March

Sibling and neighbour to the acclaimed IDES, this intimate eating and drinking den pairs contemporary Japanese-inspired bites with an expert range of tipples.
Libby Curran
October 05, 2022

Overview

Gracing the intimate space next door to Peter Gunn's Collingwood fine diner IDES, is the star chef's genre-bending wining and dining venture, March. Embracing various elements of a wine bar, a pub and an izakaya, it's not about to be locked into just one box — just know that it's moving in a very different direction than its sibling.

The 26-seater is your go-to for clever small bites with contemporary flair, matched to a broad-ranging curation of sake, wine and cocktails. Expect a moody space rocking deep charcoal tones throughout, and with a low, marble-topped statement counter allowing plenty of interaction between those with front-row seats and staff behind the bar.
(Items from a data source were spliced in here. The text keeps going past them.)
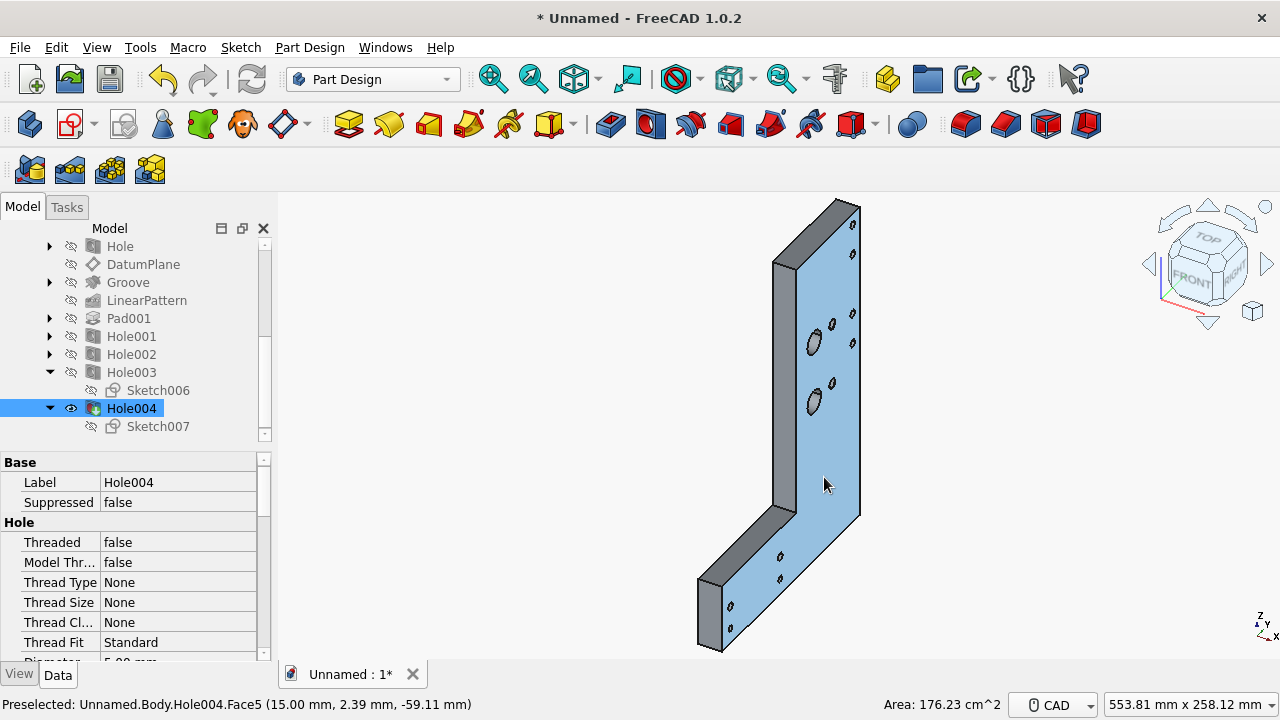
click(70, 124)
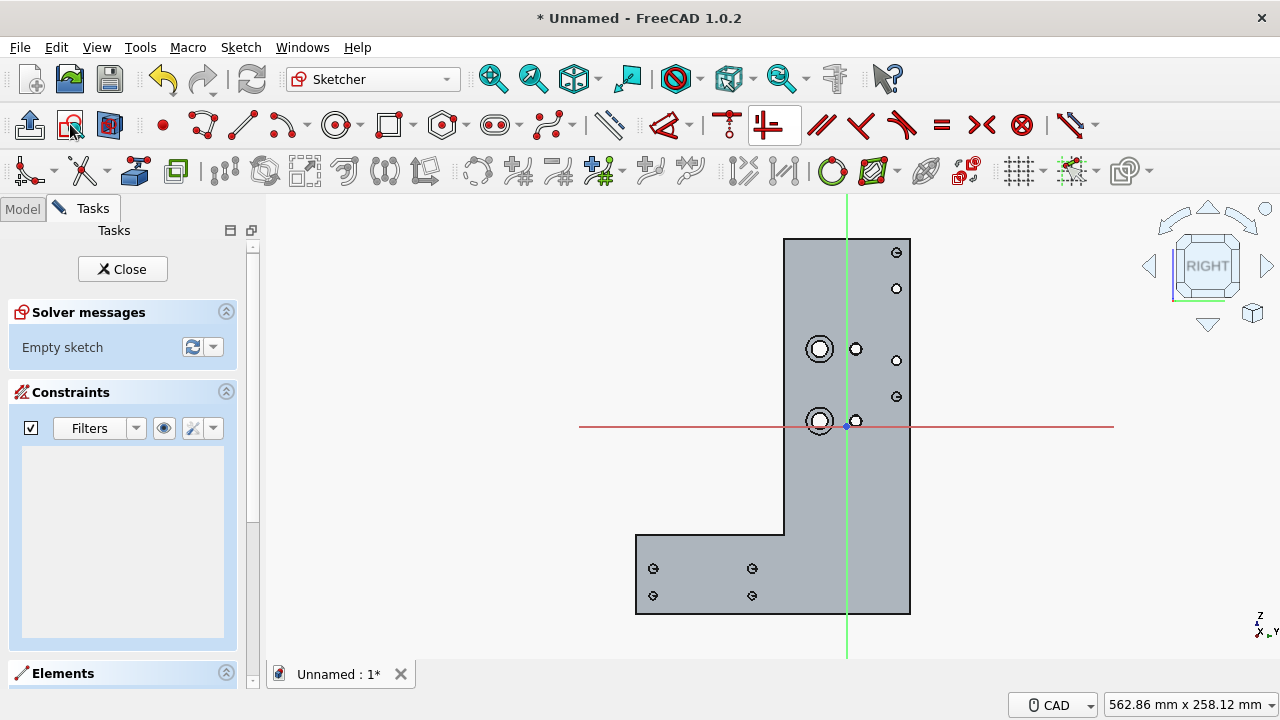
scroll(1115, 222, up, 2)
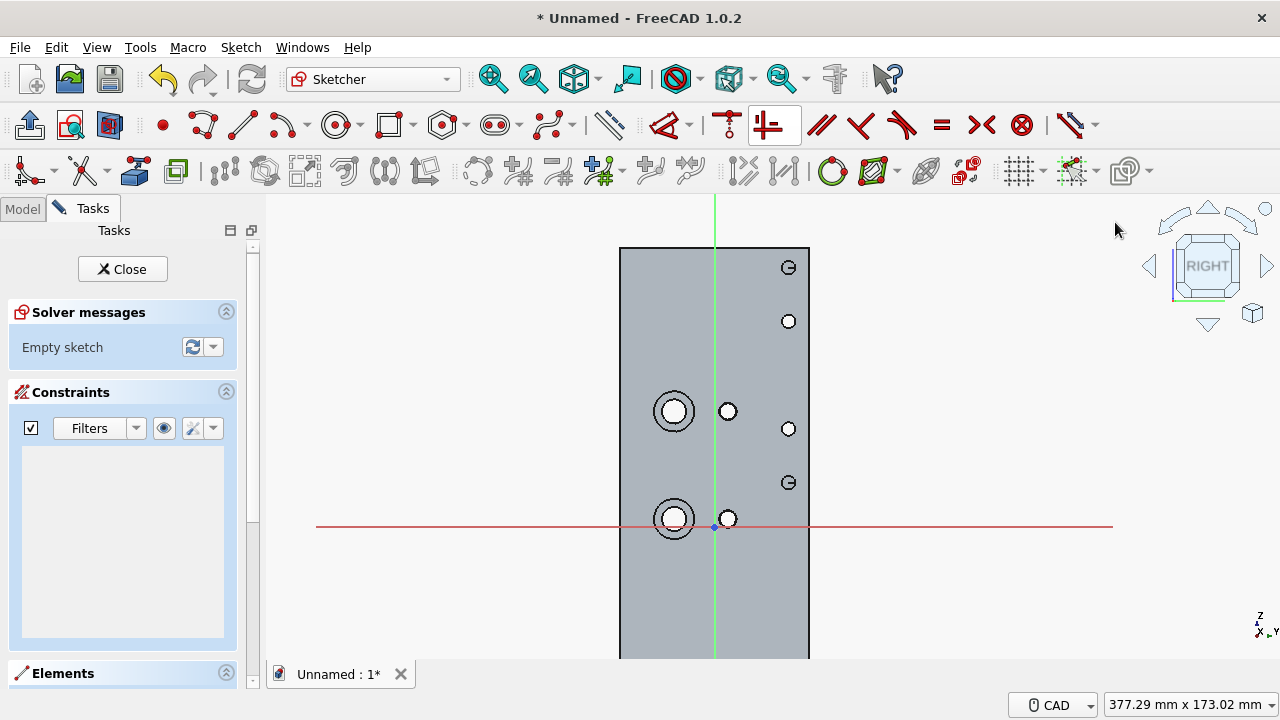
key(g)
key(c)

As you'd expect given Gunn's culinary street cred, the drinking snack game here is strong. While the two venues share a kitchen and a flair for creativity, March's menu walks its own path with a concise, oft-changing lineup rooted in Japanese flavours and technique.

Venture in for plates like edamame coated in some kind of umami magic ($9), green chilli pickled mussels with crispy garlic ($15), sake-steamed pippies finished in a yuzu parsley butter ($25) and braised pork belly with a spicy nori glaze ($25). Plus, a crispy sweet and sour quail ($28) that'll have you making fast use of the supplied hot towel.

IDES sommelier Hayley McCarthy heads up the drinks offering, with Victorian and South Australian drops ruling the by-the-glass lineup, and next door's wine list and cellar selection delivering even more gems. Expect interesting pours that'll shake a few preconceptions (perhaps a Dilworth & Allain pinot noir blend, or the Konpira Maru Pan Opticon riesling out of the King Valley) alongside signature cocktails and a solid crop of sake.